A relationship where one instance of an entity can only be linked to one instance of another entity and vise versa.

Foreign Key in 1:1 Relationship

The primary key of one entity is included as a foreign key in the other entity table.

1:N relationship

A relationship between two entities where one entity can have multiple related entities, but each related entity can only have one corresponding entity in the parent entity.

PK/FK method

A method to map 1:N relationships in a database. The primary key (PK) of the parent table is included as a foreign key (FK) in the child table.

Primary Key (PK)

A unique identifier for each record in a table. No two rows can have the same PK value.

Foreign Key (FK)

A field in a child table that refers to the primary key of the parent table.

Recursive relationship

A relationship between entities of the same type.

1:N recursive relationship mapping

In a 1:N recursive relationship, the primary key of the table participating in the recursive relationship is repeated in the same table.

M:N recursive relationship mapping

For M:N recursive relationships, a separate table is created to represent the relationship.

Study Notes

Lecture 1: Mapping ER Diagram to a Relational Database

• The lecture covers mapping Entity-Relationship (ER) diagrams to relational databases.
• The outline for the mapping process includes: strong entities, weak entities, binary relationships (M:N, 1:1, 1:N), recursive relationships, n-ary relationships and mapping generalizations/specializations.

M1. Map Strong Entities

• Create a new table for each strong entity.
• Use the entity's primary key as the table's primary key.
• Choose one candidate key if multiple exist.
• Attributes are categorized as: atomic, composite, and multi-valued.

M1.A. Atomic Attributes

• Create a column for each atomic attribute in the table.

M1.B. Composite Attributes

• Create columns from the elementary parts of the composite attribute.

M1.C. Multi-valued Attributes

• Create a separate table for the multi-valued attribute.
• Include the primary key from the original table as a foreign key.
• The new table's key is the primary key.

M2. Map Weak Entities

• Create a new table for each weak entity.
• Follow the same steps as M1.
• Include the primary key of the owner entity as a foreign key in the weak entity table.
• The partial key of the weak entity becomes the primary key.

M3. Map Binary M:N Relationships

• Create a new table for each M:N relationship.
• Include the primary keys of both entities as foreign keys.
• The concatenated foreign keys of both entities represent the primary key in the new table.

M4. Map Binary 1:1 Relationships

• Include the primary key of entity A as a foreign key into entity B (the relationship).

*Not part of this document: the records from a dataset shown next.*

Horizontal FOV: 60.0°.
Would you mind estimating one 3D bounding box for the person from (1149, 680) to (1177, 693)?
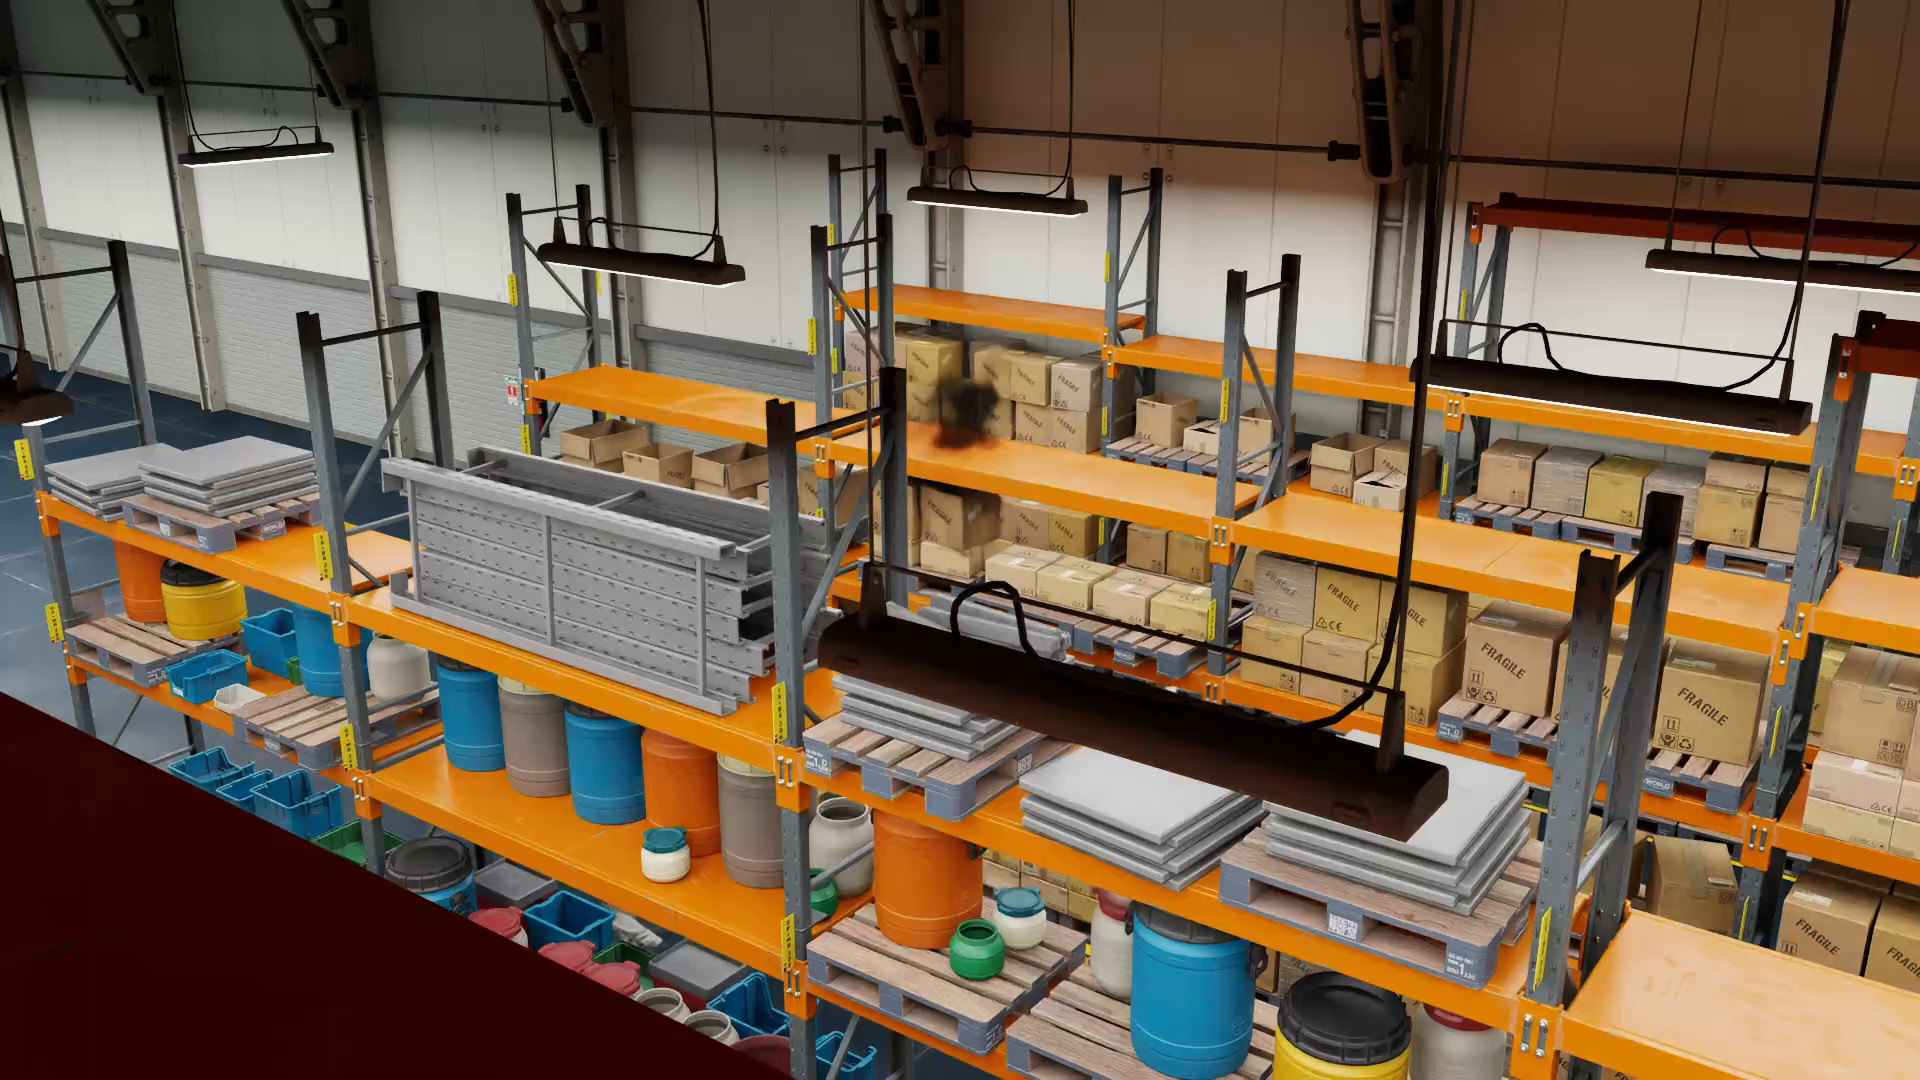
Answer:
[{"bbox_3d":[1.939,2.045,16.221,0.873,1.783,0.656,11,21,29],"label":"person"}]

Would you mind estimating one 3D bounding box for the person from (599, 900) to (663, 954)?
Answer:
[{"bbox_3d":[-2.774,2.793,14.014,0.667,1.735,0.685,8,20,23],"label":"person"}]

M5. Map Binary 1:N Relationships

• Most 1:N relationships are mapped using the primary-key/foreign-key method.
• A separate table can also be created following M3 rules.

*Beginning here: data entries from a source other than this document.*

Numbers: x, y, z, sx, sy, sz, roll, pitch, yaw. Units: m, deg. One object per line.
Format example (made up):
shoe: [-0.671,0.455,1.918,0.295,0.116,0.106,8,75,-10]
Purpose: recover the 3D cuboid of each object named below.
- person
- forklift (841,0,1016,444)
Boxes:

M6. Map Recursive Relationships

• For 1:N recursive relationships, re-include the primary key of the table into the same table to establish the recursive relationship.
• For M:N recursive relationships, create a separate table for the relationship.

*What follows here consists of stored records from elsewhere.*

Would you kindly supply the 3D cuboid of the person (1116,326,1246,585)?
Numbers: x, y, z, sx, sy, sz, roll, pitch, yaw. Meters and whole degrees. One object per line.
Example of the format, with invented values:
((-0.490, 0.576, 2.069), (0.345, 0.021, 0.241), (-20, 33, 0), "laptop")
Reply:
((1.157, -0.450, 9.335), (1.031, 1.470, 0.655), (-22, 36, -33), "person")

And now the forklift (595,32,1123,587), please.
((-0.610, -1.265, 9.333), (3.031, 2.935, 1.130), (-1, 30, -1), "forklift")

M7. Map n-ary Relationships

• Create a new table for each n-ary relationship.
• Include all attributes of the relationship in the table.
• Use the keys of the connected entities as foreign keys, combining them for the primary key of the new table.

M8. Map Generalizations/Specializations

• Create one table for the generalization entity and one for each specialization entity.

• Place attributes for each entity in its corresponding table.

• Include the primary key of the generalization entity in the specialization entity table.

• This is an example of an ERD:

  • A person can be an employee or a customer.
  • An employee can be an officer, teller, or secretary.
  • Each has specific attributes.

Summary of Mapping Constructs and Constraints

• This table summarizes the correspondence between ER and relational models.
  • ER model elements (entity type, relationship type, attributes) and their relational model counterparts (Entity relation, foreign key, attribute, relationship relation) are listed.